[Extracted material]

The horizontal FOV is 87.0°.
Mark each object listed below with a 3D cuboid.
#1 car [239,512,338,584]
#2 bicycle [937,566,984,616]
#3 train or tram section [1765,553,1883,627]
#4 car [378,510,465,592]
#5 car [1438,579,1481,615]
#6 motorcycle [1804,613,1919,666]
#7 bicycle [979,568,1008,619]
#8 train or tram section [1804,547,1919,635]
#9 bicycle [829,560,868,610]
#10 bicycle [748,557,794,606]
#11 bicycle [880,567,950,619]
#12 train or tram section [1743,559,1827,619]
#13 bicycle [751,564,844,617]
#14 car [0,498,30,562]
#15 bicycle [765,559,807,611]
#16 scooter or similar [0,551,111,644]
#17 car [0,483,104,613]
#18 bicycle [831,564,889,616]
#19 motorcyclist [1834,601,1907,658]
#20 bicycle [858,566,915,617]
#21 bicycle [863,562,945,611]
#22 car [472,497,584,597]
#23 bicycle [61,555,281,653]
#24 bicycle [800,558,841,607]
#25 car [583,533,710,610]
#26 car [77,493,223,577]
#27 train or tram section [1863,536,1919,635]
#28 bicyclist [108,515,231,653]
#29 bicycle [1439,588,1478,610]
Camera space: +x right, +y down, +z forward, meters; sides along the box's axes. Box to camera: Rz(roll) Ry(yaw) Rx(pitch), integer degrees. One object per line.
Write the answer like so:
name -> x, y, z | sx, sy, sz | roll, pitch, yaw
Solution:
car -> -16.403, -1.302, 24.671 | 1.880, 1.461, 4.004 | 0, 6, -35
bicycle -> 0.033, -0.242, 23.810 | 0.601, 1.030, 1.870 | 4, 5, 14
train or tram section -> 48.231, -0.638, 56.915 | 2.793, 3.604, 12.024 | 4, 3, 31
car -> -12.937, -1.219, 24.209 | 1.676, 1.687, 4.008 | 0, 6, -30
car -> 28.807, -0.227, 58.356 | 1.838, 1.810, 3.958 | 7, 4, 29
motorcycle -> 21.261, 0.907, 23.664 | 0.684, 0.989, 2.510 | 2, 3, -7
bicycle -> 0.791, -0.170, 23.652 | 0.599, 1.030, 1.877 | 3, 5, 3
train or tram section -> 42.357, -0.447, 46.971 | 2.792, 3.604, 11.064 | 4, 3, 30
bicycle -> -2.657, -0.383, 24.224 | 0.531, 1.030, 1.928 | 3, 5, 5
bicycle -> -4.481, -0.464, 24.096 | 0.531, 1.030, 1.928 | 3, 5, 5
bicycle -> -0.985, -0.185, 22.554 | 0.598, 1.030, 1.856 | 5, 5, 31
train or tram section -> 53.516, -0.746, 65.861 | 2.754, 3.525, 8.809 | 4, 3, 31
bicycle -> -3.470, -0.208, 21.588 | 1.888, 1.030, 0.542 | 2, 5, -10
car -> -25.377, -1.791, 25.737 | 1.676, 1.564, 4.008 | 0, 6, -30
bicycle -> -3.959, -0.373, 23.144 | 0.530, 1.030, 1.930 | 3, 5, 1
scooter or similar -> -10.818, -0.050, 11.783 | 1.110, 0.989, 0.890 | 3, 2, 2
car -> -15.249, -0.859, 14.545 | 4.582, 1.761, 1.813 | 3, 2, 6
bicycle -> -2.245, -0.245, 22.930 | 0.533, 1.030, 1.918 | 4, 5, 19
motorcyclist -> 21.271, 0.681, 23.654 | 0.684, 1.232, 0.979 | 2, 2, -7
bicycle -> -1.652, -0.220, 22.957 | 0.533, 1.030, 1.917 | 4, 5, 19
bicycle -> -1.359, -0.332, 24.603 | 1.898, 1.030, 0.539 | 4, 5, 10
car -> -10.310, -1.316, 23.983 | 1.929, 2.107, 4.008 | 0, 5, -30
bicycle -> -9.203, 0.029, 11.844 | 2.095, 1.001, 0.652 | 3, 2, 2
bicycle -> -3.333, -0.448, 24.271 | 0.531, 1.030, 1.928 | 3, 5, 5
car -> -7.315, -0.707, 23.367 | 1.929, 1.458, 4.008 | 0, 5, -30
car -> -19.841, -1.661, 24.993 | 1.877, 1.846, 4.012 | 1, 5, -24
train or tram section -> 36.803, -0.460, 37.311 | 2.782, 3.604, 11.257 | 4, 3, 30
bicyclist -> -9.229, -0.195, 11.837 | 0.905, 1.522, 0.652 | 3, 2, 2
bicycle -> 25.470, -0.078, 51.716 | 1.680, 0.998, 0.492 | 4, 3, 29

[/Extracted material]

> [Problem requirements]
Stop at the line containing "#10 bicycle [748,557,794,606]". Please print exactly every line before it from the start of the records, plus that line itself, and nothing else.

> [Task response]
The horizontal FOV is 87.0°.
Mark each object listed below with a 3D cuboid.
#1 car [239,512,338,584]
#2 bicycle [937,566,984,616]
#3 train or tram section [1765,553,1883,627]
#4 car [378,510,465,592]
#5 car [1438,579,1481,615]
#6 motorcycle [1804,613,1919,666]
#7 bicycle [979,568,1008,619]
#8 train or tram section [1804,547,1919,635]
#9 bicycle [829,560,868,610]
#10 bicycle [748,557,794,606]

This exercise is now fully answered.